■ ABOUT THIS TASK: What is needed is a word-for-word transcript of the listing, free of pictures.

■ DATA RECORDS:
--- --- ---

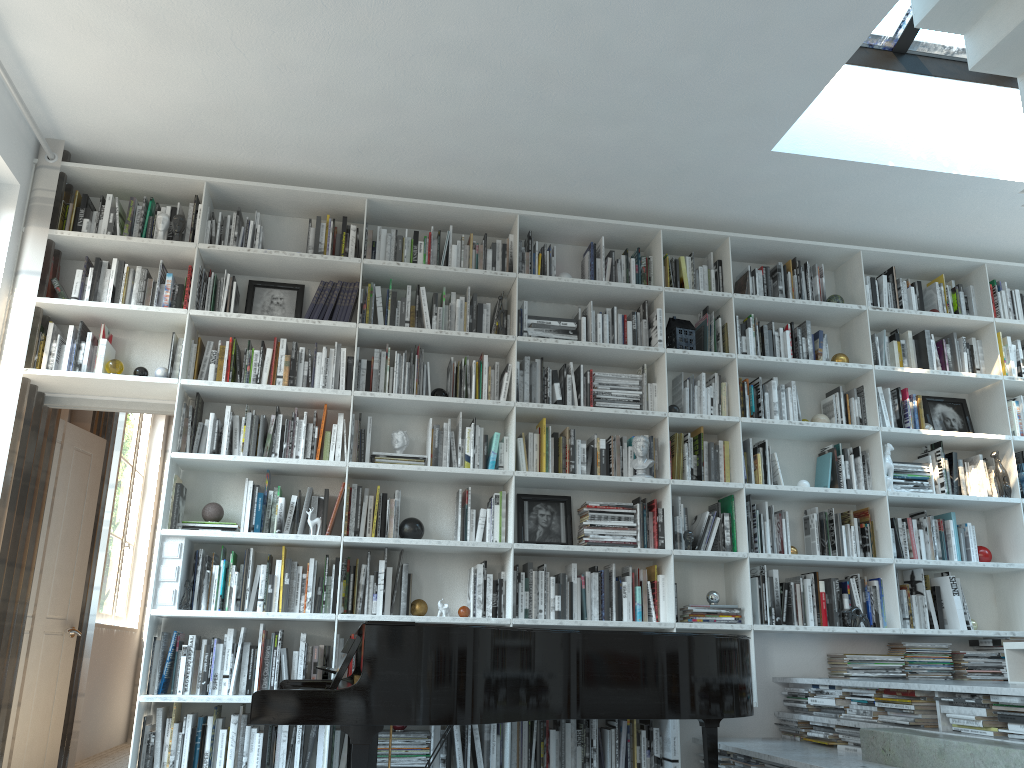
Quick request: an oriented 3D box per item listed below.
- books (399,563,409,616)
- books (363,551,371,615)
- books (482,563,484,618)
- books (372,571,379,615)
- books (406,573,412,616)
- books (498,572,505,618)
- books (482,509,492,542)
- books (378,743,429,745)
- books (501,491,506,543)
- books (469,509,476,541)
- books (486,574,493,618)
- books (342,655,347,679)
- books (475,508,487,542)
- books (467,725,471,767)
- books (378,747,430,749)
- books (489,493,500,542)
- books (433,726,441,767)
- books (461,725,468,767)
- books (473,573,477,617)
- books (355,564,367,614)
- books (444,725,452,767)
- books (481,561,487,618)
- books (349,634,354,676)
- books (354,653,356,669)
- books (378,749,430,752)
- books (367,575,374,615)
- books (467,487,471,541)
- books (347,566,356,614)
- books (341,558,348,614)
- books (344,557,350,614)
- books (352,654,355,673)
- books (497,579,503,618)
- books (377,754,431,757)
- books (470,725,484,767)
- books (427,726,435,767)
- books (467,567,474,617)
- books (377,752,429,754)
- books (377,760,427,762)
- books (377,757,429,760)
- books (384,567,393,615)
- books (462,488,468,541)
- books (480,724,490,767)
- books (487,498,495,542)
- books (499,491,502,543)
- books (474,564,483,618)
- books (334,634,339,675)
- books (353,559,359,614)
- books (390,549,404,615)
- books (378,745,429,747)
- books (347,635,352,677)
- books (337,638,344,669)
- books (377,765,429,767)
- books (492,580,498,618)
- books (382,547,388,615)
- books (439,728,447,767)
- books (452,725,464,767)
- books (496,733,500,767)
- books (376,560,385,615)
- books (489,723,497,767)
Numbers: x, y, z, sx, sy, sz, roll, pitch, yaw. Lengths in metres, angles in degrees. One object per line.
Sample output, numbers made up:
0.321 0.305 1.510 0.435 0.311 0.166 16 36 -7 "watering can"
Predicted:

--- --- ---

■ ANSWER BOX:
Quick request: an oriented 3D box per item listed below.
- books (399,563,409,616)
- books (363,551,371,615)
- books (482,563,484,618)
- books (372,571,379,615)
- books (406,573,412,616)
- books (498,572,505,618)
- books (482,509,492,542)
- books (378,743,429,745)
- books (501,491,506,543)
- books (469,509,476,541)
- books (486,574,493,618)
- books (342,655,347,679)
- books (475,508,487,542)
- books (467,725,471,767)
- books (378,747,430,749)
- books (489,493,500,542)
- books (433,726,441,767)
- books (461,725,468,767)
- books (473,573,477,617)
- books (355,564,367,614)
- books (444,725,452,767)
- books (481,561,487,618)
- books (349,634,354,676)
- books (354,653,356,669)
- books (378,749,430,752)
- books (367,575,374,615)
- books (467,487,471,541)
- books (347,566,356,614)
- books (341,558,348,614)
- books (344,557,350,614)
- books (352,654,355,673)
- books (497,579,503,618)
- books (377,754,431,757)
- books (470,725,484,767)
- books (427,726,435,767)
- books (467,567,474,617)
- books (377,752,429,754)
- books (377,760,427,762)
- books (377,757,429,760)
- books (384,567,393,615)
- books (462,488,468,541)
- books (480,724,490,767)
- books (487,498,495,542)
- books (499,491,502,543)
- books (474,564,483,618)
- books (334,634,339,675)
- books (353,559,359,614)
- books (390,549,404,615)
- books (378,745,429,747)
- books (347,635,352,677)
- books (337,638,344,669)
- books (377,765,429,767)
- books (492,580,498,618)
- books (382,547,388,615)
- books (439,728,447,767)
- books (452,725,464,767)
- books (496,733,500,767)
- books (376,560,385,615)
- books (489,723,497,767)
Numbers: x, y, z, sx, sy, sz, roll, pitch, yaw. Lengths in metres, angles in degrees. One object per line.
Sample output, numbers made up:
0.321 0.305 1.510 0.435 0.311 0.166 16 36 -7 "watering can"
Predicted:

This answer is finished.